In order to verify the reliability of the numerical simulation results, the simplified model and the optimized model of the inlet dirty pipe were made into physical samples to carry out the flow–resistance test, and the simulation results were compared with the test data one by one to illustrate the reliability of the simulation results.

4.3.1. Test Equipment, Materials, and Methods

The sample used in this test was realized by 3D printing technology, and the material used is a high toughness resin, which has a high deformation temperature. In some high temperature areas, it can avoid deformation of the sample due to excessive temperature, which can cause significant differences between the actual object and the data model, affecting the accuracy of the test results.

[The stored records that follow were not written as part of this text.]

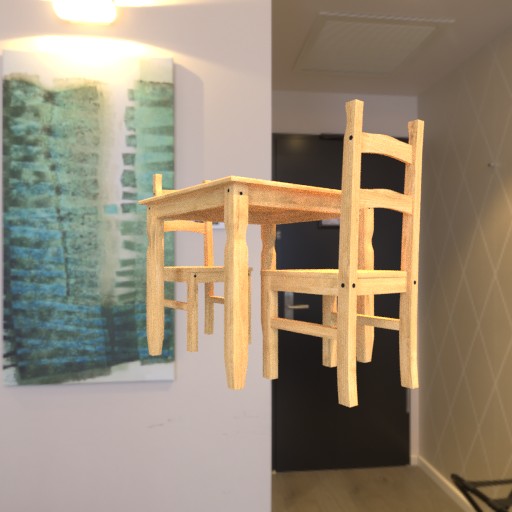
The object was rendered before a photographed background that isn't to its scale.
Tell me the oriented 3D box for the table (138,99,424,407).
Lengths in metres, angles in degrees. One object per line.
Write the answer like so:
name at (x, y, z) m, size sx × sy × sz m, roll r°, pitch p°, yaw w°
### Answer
table at (0.000, 0.000, 2.054) m, size 0.813 × 0.942 × 1.501 m, roll 0°, pitch -1°, yaw -37°
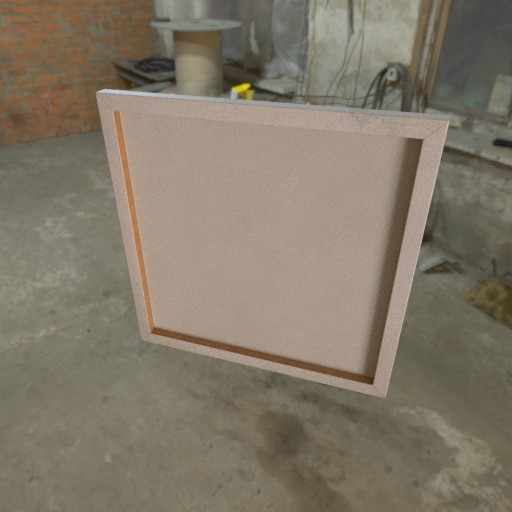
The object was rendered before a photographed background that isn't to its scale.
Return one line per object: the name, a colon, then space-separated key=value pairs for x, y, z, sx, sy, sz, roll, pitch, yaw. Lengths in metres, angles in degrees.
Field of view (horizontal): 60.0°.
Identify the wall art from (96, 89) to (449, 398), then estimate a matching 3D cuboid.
wall art: x=0.000 y=0.000 z=1.134 sx=0.762 sy=0.762 sz=0.038 roll=10 pitch=34 yaw=15
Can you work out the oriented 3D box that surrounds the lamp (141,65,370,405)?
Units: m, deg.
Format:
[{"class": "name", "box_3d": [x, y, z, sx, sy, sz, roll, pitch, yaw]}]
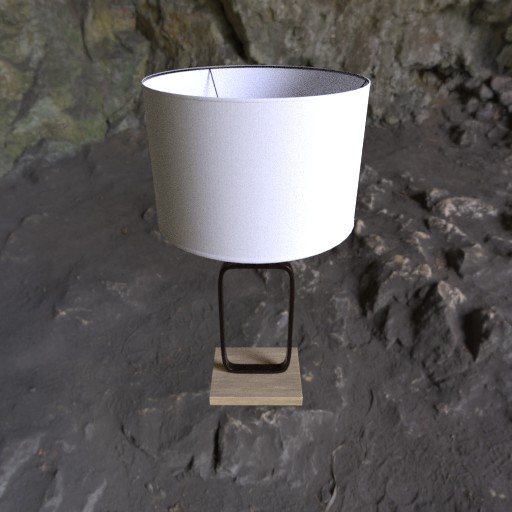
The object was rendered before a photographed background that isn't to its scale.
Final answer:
[{"class": "lamp", "box_3d": [0.000, 0.000, 0.677, 0.279, 0.508, 0.279, 0, 29, 0]}]
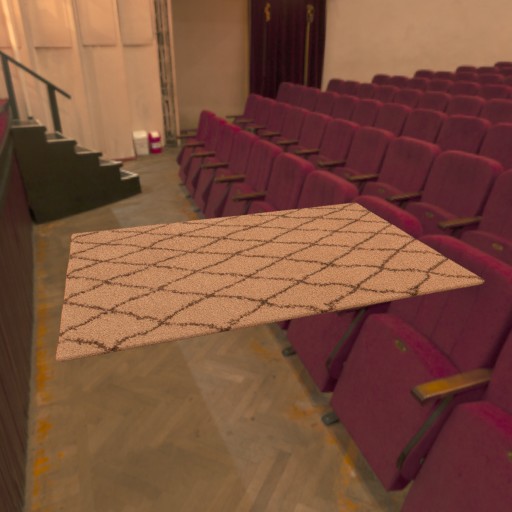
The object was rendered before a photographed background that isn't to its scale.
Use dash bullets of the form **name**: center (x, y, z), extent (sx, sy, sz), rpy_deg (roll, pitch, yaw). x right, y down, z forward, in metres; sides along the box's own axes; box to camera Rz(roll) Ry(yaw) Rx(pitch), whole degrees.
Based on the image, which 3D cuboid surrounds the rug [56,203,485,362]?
- **rug**: center (0.000, 0.000, 3.422), extent (2.743, 0.030, 1.778), rpy_deg (-8, 26, -16)
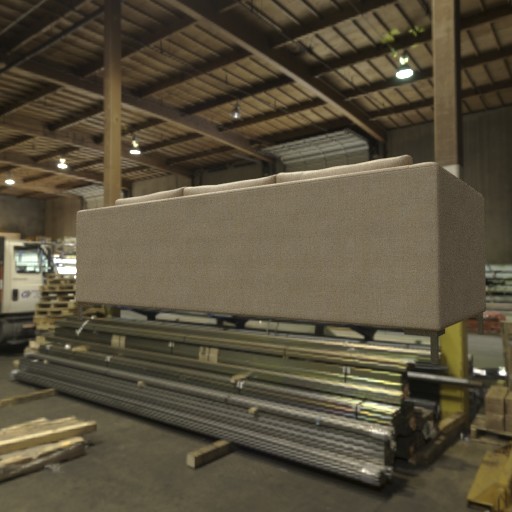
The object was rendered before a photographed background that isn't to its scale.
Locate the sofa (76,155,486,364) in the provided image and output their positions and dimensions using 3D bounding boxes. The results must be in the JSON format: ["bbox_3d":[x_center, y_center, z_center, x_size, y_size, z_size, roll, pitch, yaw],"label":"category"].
[{"bbox_3d":[0.000,0.000,2.750,2.415,0.867,0.969,-1,-2,37],"label":"sofa"}]
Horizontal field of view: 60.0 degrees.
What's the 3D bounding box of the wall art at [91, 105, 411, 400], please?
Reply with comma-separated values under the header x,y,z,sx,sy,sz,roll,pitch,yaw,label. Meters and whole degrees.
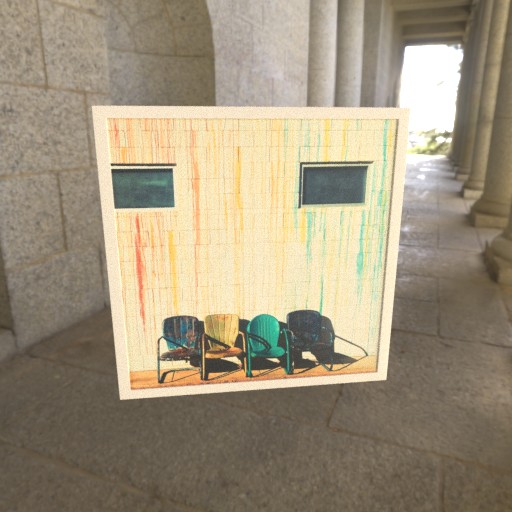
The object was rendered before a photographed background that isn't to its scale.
x,y,z,sx,sy,sz,roll,pitch,yaw,label
0.000,0.000,0.479,0.305,0.305,0.038,-2,16,-7,wall art
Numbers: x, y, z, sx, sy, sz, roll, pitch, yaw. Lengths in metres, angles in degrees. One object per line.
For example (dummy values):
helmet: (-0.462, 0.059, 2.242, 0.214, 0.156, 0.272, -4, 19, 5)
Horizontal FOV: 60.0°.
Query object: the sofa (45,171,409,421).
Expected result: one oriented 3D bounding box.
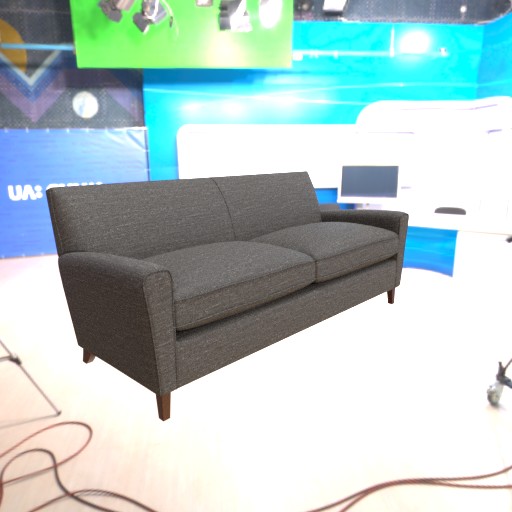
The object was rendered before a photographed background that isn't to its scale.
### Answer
sofa: (0.000, 0.000, 2.512, 0.875, 0.846, 1.976, 13, 19, 43)
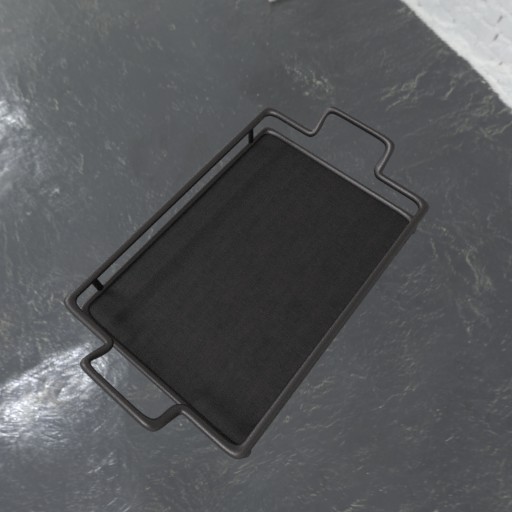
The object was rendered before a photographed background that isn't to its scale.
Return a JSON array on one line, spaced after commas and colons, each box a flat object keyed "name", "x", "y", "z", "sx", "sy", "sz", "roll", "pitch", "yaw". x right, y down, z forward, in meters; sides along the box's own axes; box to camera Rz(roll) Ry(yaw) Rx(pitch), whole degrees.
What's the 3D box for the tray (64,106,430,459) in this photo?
[{"name": "tray", "x": 0.000, "y": 0.000, "z": 0.602, "sx": 0.297, "sy": 0.101, "sz": 0.495, "roll": 36, "pitch": 70, "yaw": 16}]
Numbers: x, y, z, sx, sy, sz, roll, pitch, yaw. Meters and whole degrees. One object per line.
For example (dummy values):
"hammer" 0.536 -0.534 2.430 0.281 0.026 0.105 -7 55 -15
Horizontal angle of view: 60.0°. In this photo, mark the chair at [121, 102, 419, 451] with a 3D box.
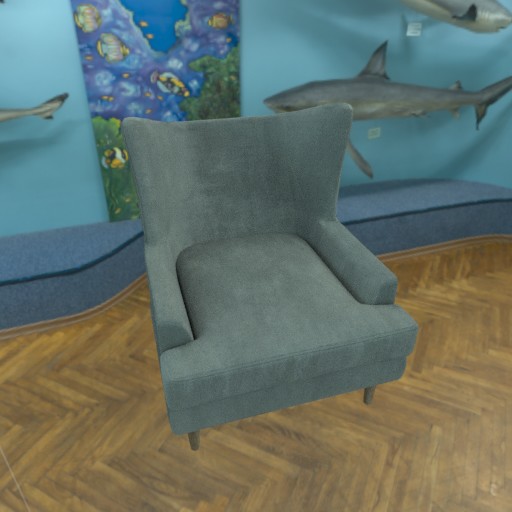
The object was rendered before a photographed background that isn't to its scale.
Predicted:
"chair" 0.000 0.000 1.578 0.784 0.950 0.906 -9 32 -15
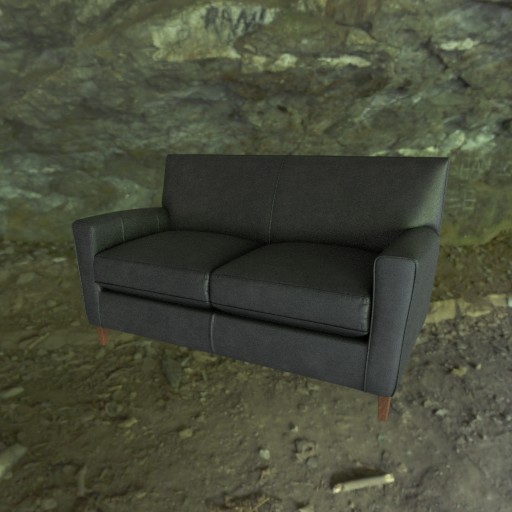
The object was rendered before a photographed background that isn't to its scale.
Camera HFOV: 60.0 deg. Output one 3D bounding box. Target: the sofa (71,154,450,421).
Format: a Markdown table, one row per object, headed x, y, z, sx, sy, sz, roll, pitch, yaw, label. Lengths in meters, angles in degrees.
| x | y | z | sx | sy | sz | roll | pitch | yaw | label |
| --- | --- | --- | --- | --- | --- | --- | --- | --- | --- |
| 0.000 | 0.000 | 1.990 | 1.473 | 0.871 | 0.787 | 7 | 16 | 26 | sofa |
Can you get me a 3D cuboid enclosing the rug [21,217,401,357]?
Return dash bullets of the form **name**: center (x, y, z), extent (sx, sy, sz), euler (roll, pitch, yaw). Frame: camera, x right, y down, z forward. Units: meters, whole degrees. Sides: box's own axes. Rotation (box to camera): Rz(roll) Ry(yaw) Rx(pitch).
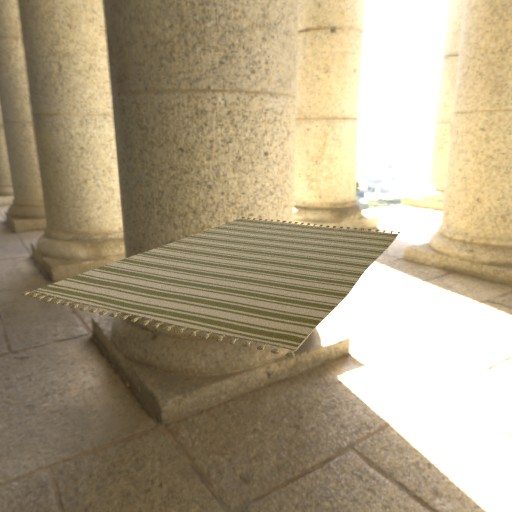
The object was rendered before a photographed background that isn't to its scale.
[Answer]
- **rug**: center (0.000, 0.000, 2.304), extent (1.162, 0.013, 1.875), euler (8, 17, 26)
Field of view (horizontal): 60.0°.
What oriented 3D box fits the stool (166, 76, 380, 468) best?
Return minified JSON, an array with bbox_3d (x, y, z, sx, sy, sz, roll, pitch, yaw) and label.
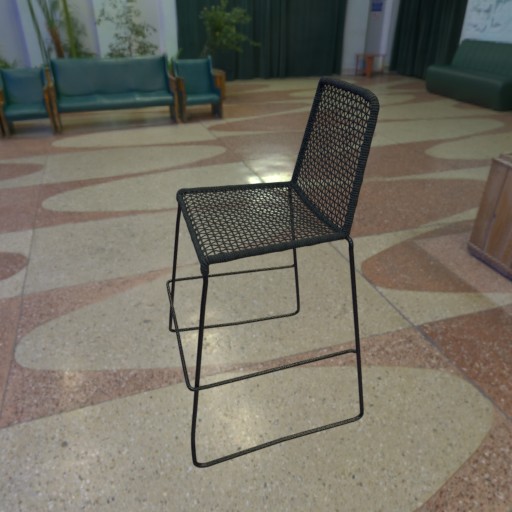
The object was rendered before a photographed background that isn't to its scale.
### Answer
[{"bbox_3d":[0.000,0.000,1.249,0.509,0.905,0.590,-8,31,-14],"label":"stool"}]
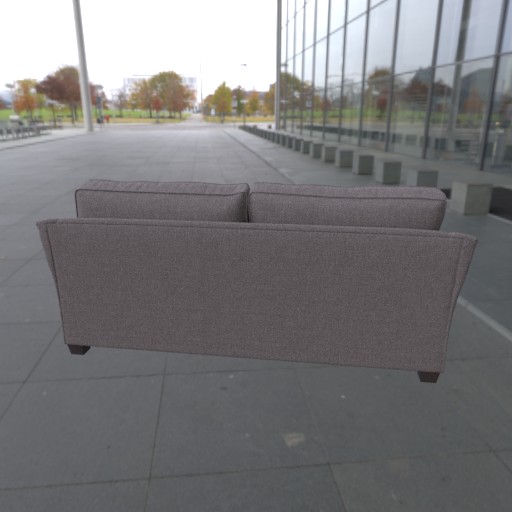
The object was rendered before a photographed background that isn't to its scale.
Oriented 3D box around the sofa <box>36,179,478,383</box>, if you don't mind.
[{"bbox_3d":[0.000,0.000,2.721,2.203,0.976,1.013,3,18,8],"label":"sofa"}]
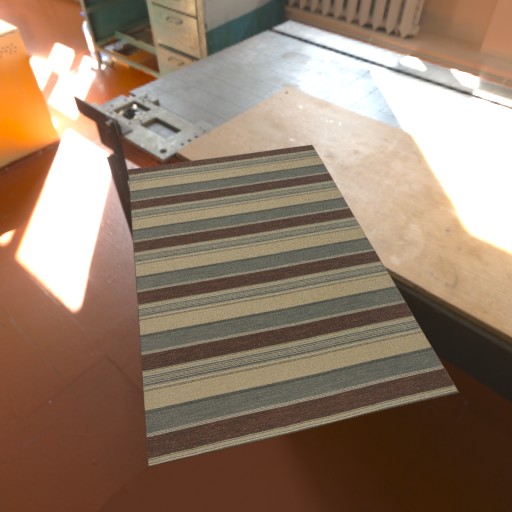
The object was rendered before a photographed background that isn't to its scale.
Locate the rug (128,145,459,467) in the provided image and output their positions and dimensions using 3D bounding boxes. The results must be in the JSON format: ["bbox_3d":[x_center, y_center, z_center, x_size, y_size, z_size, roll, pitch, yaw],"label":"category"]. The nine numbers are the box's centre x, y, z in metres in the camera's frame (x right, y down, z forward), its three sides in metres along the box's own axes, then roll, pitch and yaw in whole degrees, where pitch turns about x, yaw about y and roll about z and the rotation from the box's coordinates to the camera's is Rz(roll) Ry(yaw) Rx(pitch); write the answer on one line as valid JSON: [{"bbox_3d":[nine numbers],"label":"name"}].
[{"bbox_3d":[0.000,0.000,2.271,1.219,0.008,1.829,-10,47,-9],"label":"rug"}]
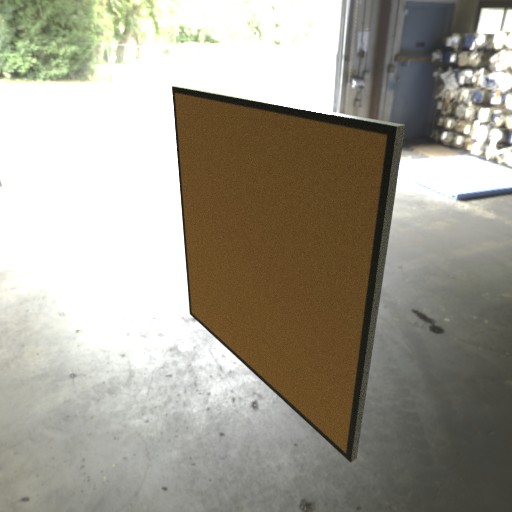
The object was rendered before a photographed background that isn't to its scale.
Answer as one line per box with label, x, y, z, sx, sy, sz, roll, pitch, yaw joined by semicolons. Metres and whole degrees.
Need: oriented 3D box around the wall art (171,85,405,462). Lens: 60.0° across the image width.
wall art;0.000;0.000;1.200;0.022;0.803;0.805;-18;32;-32
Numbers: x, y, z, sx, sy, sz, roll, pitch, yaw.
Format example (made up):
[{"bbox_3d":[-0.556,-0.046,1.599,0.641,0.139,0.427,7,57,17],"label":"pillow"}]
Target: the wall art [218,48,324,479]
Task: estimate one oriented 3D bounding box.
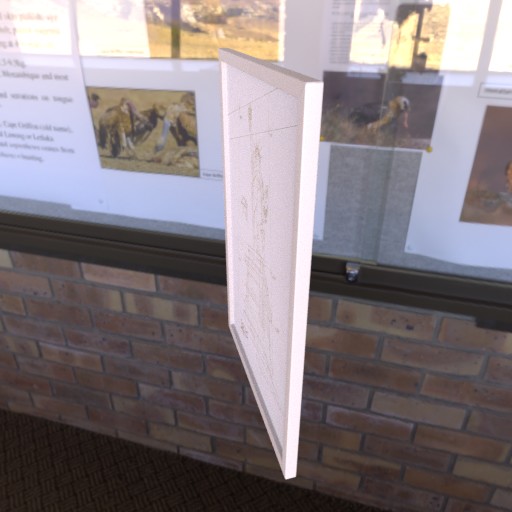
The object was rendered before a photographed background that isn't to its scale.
[{"bbox_3d":[0.000,0.000,1.455,0.038,1.183,0.808,-8,30,-14],"label":"wall art"}]
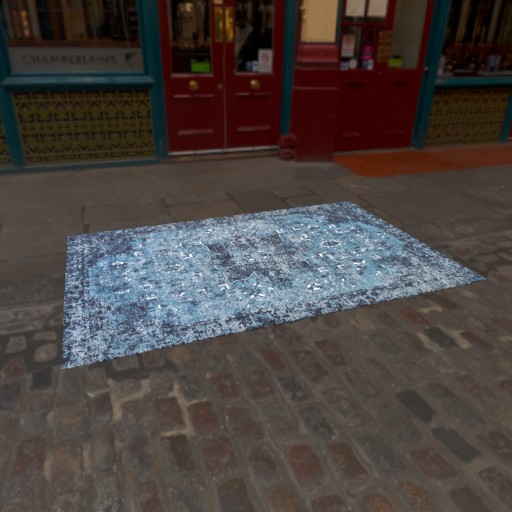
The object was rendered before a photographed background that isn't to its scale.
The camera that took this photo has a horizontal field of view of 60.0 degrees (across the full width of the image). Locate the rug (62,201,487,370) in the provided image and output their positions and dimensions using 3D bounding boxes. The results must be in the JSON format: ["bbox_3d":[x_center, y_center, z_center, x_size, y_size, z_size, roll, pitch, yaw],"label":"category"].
[{"bbox_3d":[0.000,0.000,2.276,1.828,0.005,1.219,-9,27,-18],"label":"rug"}]
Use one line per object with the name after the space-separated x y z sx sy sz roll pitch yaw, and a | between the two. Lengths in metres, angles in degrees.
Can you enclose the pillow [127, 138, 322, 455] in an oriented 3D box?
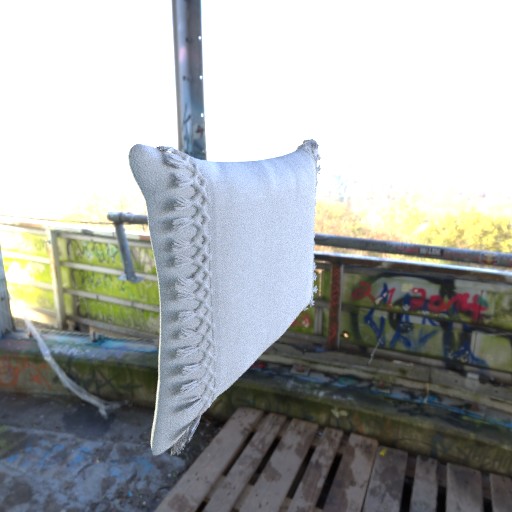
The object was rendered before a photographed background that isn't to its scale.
0.000 0.000 0.597 0.084 0.305 0.466 7 17 25 | pillow
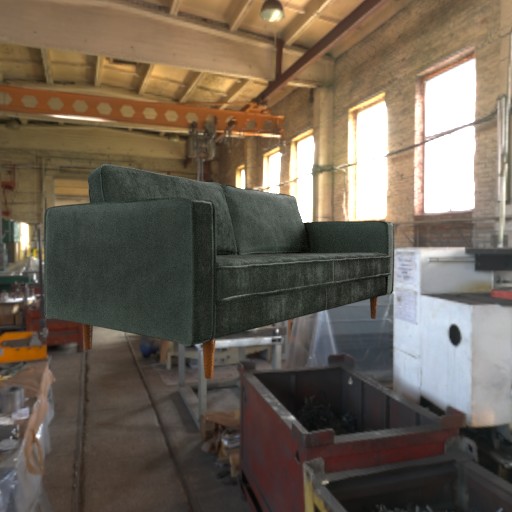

The finished model sample is shown in Figure 18.
The air filter pipe performance test was carried out according to the standard requirements of ISO 5011:2000. The equipment used is the JJG620-2008 air filter test bench, which was equipped with the corresponding flow resistance device. Figure 19 shows the flow resistance test device diagram.
The test method is as follows: turn on the fan switch in the reserve room, the assembly power switch, the industrial computer switch, and the computer console switch. After the ambient temperature and humidity around the test device are relatively stable, fix the tested part on the front end of the test device, open the test operation software, enter the main interface to select the percentage test, and then set its value to 50%, 75%, 100%, 125%, and 150%, according to the rated flow. Click the start test button—the test device will run automatically—and observe the relevant data changes and flow–resistance curve through the operating platform. After the test, remove the tested part, turn off all power supplies, and adjust the test console to the shutdown state. According to the above process, the optimized model sample was retested and the test data results were obtained. In order to ensure the reliability of the test data results, the method of averaging multiple tests was adopted during the flow–resistance test. The data obtained from each test were recorded and compared with the data obtained from the simulation to analyze whether there was any difference in the data.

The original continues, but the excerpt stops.